Chest Pain Drug Put to Test Against Arrhythmias

The drug ranolazine, approved to treat chest pain, is being tested as a potential treatment for ventricular arrhythmias, a condition for which there are limited treatment options for patients with heart disease.

The University of Rochester Medical Center is leading the new nationwide clinical trial, funded with a $10.5 million grant from the National Institutes of Health. It’s the first major study testing a new concept – blocking late sodium currents that govern key components of the electrical activity in the heart – to combat these deadly arrhythmias.

The approach represents a new avenue of therapy after two decades of no significant developments in innovative drug treatment of ventricular arrhythmias, say the principal investigators of the new study, Wojciech Zareba, M.D., Ph.D., and Arthur J. Moss, M.D., of the University of Rochester Medical Center, who are experts on the treatment of arrhythmias.

“This study is very important because current anti-arrhythmic agents do not offer enough protection for high-risk patients or can’t be used for long due to negative side effects, and some even cause additional heart rhythm disorders,” said Zareba, director of Clinical Cardiology Research and the Heart Research Follow-up Program. “We believe ranolazine is a promising therapy and that this trial could provide a revolutionary approach to treat these difficult heart rhythm disorders.”

In the double-blind, randomized clinical trial, high-risk patients who already have implantable cardioverter-defibrillators or ICDs will receive either ranolazine or placebo. The aim of the study, known as RAID, for Ranolazine in High-Risk Implantable Cardioverter-Defibrillator Patients, is to determine if ranolazine decreases death or cardiac arrhythmias, and also if it decreases the risk of hospitalizations from cardiac causes, including arrhythmias, heart failure or heart attack. Investigators plan to enroll approximately 1,440 patients at 80 centers across the United States.
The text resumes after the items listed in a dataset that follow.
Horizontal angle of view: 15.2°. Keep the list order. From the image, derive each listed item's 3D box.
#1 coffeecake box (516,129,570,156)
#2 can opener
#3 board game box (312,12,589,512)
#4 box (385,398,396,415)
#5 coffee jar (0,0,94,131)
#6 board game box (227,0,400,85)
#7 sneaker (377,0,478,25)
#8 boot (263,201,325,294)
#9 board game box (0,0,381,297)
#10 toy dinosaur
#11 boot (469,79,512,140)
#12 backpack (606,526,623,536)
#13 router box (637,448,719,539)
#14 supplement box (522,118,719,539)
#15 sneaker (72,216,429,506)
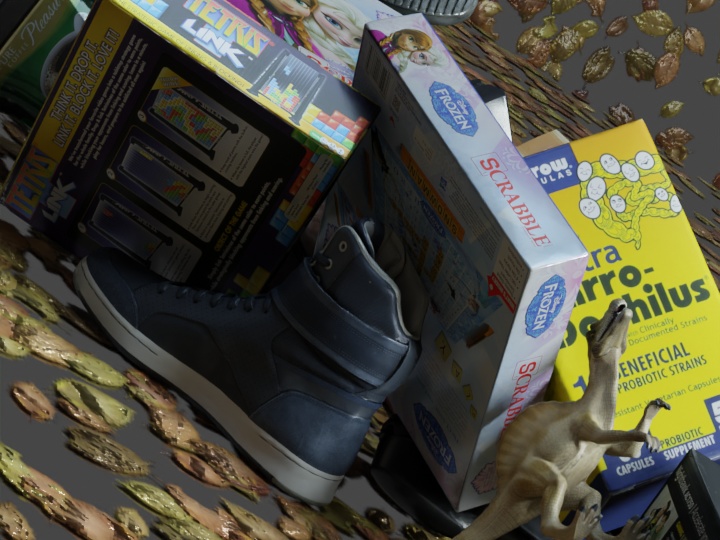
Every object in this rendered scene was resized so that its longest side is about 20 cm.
[{"bbox_3d":[0.158,0.027,1.905,0.154,0.073,0.201,49,-22,47],"label":"coffeecake box"},{"bbox_3d":[0.091,0.150,1.596,0.200,0.079,0.063,36,-26,-11],"label":"can opener"},{"bbox_3d":[0.044,-0.004,1.513,0.041,0.200,0.200,-13,51,-25],"label":"board game box"},{"bbox_3d":[0.061,0.037,1.804,0.095,0.100,0.200,29,13,-25],"label":"box"},{"bbox_3d":[-0.162,-0.109,1.659,0.200,0.104,0.085,39,-6,-6],"label":"coffee jar"},{"bbox_3d":[-0.041,-0.138,1.675,0.199,0.041,0.200,29,26,-18],"label":"board game box"},{"bbox_3d":[-0.014,-0.197,1.831,0.199,0.074,0.089,17,-34,11],"label":"sneaker"},{"bbox_3d":[0.000,0.000,1.706,0.200,0.185,0.065,-130,-156,-59],"label":"boot"},{"bbox_3d":[-0.102,-0.066,1.545,0.165,0.200,0.057,35,47,0],"label":"board game box"},{"bbox_3d":[0.101,0.113,1.425,0.101,0.200,0.058,34,-9,45],"label":"toy dinosaur"},{"bbox_3d":[-0.007,-0.100,1.919,0.165,0.199,0.066,-130,-157,-58],"label":"boot"},{"bbox_3d":[0.196,0.126,1.651,0.200,0.135,0.183,43,-5,34],"label":"backpack"},{"bbox_3d":[0.158,0.193,1.368,0.051,0.150,0.200,32,13,-10],"label":"router box"},{"bbox_3d":[0.140,0.035,1.530,0.110,0.108,0.201,110,-40,-68],"label":"supplement box"},{"bbox_3d":[-0.055,0.012,1.496,0.202,0.147,0.077,38,15,19],"label":"sneaker"}]

According to Moss, “This is the right study at the right time. We know ranolazine has a good safety profile from its use to treat chest pain; early basic and clinical testing has been favorable; and we will be able to monitor precisely how patients respond to the drug by taking heart rhythm recordings directly from patients’ ICDs.” Moss will coordinate data management for the trial.

Ranolazine was tested previously in the high-profile MERLIN trial to determine if the drug reduced death rates in patients with acute coronary syndrome. While the drug was unsuccessful in reducing the risk of death in these patients, the study population was very large and researchers obtained significant data on various subgroups. They found that in people with coronary artery disease, ranolazine decreased the incidence of arrhythmias.

Ranolazine works by targeting the late sodium current that moves sodium ions into the heart muscle cells with each heartbeat, regulating the electrical activity of the heart. Damage to heart cells, such as from a heart attack, can cause excess sodium to leak into heart muscle cells. This extra, unwanted sodium puts patients at greater risk for arrhythmias and may prove to be an effective target for drugs such as ranolazine, blocking excessive inflow of sodium ions. 

The trial, which is registered on clinicaltrials.gov (#NCT01215253), is funded by the National Heart, Lung and Blood Institute and will begin enrolling patients in spring 2011. Gilead Sciences, Inc., the biopharmaceutical company that markets ranolazine, will donate the study drug and placebo needed for the trial.